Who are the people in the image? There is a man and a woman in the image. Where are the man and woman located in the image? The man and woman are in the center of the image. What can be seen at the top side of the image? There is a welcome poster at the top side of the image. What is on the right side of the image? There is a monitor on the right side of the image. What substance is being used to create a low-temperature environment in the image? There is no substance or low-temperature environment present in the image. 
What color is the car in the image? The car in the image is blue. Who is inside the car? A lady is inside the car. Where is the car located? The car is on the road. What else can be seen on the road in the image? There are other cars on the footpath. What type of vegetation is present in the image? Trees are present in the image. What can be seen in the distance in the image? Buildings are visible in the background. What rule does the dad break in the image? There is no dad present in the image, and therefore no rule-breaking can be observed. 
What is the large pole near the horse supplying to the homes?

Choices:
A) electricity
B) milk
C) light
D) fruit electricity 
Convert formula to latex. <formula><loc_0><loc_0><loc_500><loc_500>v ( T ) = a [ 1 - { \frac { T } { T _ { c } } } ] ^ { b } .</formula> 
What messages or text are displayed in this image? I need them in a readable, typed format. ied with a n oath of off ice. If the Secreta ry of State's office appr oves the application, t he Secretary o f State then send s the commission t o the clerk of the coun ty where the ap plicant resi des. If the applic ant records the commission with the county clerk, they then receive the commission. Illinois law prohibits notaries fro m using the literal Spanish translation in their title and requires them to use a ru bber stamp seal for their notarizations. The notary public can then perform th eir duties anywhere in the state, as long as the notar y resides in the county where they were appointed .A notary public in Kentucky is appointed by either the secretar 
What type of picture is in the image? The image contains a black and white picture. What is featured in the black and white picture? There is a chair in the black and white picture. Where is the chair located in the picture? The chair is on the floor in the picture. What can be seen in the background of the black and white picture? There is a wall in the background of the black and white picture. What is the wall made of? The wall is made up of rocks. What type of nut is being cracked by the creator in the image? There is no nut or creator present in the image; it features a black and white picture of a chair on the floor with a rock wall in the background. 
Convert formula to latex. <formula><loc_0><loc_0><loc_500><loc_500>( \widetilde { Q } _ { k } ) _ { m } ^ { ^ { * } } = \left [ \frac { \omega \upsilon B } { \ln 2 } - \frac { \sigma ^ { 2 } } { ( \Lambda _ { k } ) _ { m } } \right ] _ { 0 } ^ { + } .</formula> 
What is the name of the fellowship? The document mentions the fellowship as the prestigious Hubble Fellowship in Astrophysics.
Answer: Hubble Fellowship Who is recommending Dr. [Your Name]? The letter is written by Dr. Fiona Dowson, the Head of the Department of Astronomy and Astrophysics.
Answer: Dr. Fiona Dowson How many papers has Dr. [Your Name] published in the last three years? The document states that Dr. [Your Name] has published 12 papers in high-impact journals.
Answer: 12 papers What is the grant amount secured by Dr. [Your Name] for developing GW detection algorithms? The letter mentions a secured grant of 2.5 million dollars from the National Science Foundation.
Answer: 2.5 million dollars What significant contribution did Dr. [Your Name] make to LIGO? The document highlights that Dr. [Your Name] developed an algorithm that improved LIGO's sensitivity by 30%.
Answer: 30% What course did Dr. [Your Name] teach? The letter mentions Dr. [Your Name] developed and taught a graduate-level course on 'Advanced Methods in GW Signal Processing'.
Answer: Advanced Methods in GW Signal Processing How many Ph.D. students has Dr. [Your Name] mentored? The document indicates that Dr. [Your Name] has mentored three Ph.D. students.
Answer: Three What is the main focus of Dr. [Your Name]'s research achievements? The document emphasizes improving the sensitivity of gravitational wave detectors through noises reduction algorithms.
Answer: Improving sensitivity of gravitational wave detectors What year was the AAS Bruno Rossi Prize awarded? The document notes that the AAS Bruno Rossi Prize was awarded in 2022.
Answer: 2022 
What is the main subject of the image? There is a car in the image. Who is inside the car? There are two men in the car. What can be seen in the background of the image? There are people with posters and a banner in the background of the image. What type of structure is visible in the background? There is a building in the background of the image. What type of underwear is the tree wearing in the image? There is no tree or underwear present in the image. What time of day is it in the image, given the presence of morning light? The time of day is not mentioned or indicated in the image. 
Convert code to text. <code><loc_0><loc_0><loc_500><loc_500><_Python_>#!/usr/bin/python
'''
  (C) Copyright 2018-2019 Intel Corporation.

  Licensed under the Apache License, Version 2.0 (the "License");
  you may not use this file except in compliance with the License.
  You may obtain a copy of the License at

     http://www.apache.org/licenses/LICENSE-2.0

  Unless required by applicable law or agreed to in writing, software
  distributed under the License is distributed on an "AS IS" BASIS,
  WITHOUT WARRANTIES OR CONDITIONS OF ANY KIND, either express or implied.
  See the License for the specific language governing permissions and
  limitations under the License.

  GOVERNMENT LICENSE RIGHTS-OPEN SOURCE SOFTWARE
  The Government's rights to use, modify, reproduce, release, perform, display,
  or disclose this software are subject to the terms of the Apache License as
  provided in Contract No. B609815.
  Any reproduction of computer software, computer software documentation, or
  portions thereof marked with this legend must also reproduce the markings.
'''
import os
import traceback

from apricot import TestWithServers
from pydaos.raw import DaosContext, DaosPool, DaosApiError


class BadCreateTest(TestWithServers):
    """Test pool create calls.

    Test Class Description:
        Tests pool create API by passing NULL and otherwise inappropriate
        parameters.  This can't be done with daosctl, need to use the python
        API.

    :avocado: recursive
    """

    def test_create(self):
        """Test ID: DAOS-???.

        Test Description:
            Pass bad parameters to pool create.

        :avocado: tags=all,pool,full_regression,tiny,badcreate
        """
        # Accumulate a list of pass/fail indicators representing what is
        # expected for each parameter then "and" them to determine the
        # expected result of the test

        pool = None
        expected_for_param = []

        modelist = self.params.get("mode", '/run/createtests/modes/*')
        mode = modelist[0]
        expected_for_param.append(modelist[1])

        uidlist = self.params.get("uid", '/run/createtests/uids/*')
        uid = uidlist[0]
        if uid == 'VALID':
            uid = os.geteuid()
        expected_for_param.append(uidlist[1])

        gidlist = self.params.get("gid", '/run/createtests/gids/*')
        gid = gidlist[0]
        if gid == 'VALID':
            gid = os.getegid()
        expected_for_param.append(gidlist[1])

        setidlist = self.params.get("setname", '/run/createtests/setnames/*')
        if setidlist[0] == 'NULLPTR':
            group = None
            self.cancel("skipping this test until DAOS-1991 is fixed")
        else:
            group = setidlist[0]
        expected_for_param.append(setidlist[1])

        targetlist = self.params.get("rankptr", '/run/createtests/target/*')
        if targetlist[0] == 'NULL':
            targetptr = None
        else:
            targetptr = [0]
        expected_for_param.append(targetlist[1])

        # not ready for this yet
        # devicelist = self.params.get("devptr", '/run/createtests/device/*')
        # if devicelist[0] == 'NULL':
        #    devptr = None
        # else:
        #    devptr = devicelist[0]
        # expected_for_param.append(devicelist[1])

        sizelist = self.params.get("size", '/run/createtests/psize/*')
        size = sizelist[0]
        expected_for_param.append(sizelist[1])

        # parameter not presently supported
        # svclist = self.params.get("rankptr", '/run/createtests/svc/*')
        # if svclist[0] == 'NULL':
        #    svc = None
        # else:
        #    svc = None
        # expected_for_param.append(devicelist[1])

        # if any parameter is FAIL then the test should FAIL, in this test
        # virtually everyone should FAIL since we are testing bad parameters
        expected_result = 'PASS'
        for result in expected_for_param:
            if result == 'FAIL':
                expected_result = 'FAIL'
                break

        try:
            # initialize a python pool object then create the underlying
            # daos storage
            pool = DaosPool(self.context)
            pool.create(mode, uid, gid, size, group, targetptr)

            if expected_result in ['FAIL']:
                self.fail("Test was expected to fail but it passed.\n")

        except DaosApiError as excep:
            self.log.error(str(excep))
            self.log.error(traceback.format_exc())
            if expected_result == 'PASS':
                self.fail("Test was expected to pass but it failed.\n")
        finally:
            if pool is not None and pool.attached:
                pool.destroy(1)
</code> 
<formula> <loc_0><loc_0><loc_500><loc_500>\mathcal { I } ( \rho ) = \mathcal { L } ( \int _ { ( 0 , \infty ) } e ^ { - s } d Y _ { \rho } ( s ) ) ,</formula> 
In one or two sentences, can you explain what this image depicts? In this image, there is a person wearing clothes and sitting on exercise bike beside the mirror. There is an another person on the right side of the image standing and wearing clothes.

**Work instructions**: Find each line holding the string "Your" in the listing above, then copy it.

**Answer to this exercise**:
Answer: Hubble Fellowship Who is recommending Dr. [Your Name]? The letter is written by Dr. Fiona Dowson, the Head of the Department of Astronomy and Astrophysics.
Answer: Dr. Fiona Dowson How many papers has Dr. [Your Name] published in the last three years? The document states that Dr. [Your Name] has published 12 papers in high-impact journals.
Answer: 12 papers What is the grant amount secured by Dr. [Your Name] for developing GW detection algorithms? The letter mentions a secured grant of 2.5 million dollars from the National Science Foundation.
Answer: 2.5 million dollars What significant contribution did Dr. [Your Name] make to LIGO? The document highlights that Dr. [Your Name] developed an algorithm that improved LIGO's sensitivity by 30%.
Answer: 30% What course did Dr. [Your Name] teach? The letter mentions Dr. [Your Name] developed and taught a graduate-level course on 'Advanced Methods in GW Signal Processing'.
Answer: Advanced Methods in GW Signal Processing How many Ph.D. students has Dr. [Your Name] mentored? The document indicates that Dr. [Your Name] has mentored three Ph.D. students.
Answer: Three What is the main focus of Dr. [Your Name]'s research achievements? The document emphasizes improving the sensitivity of gravitational wave detectors through noises reduction algorithms.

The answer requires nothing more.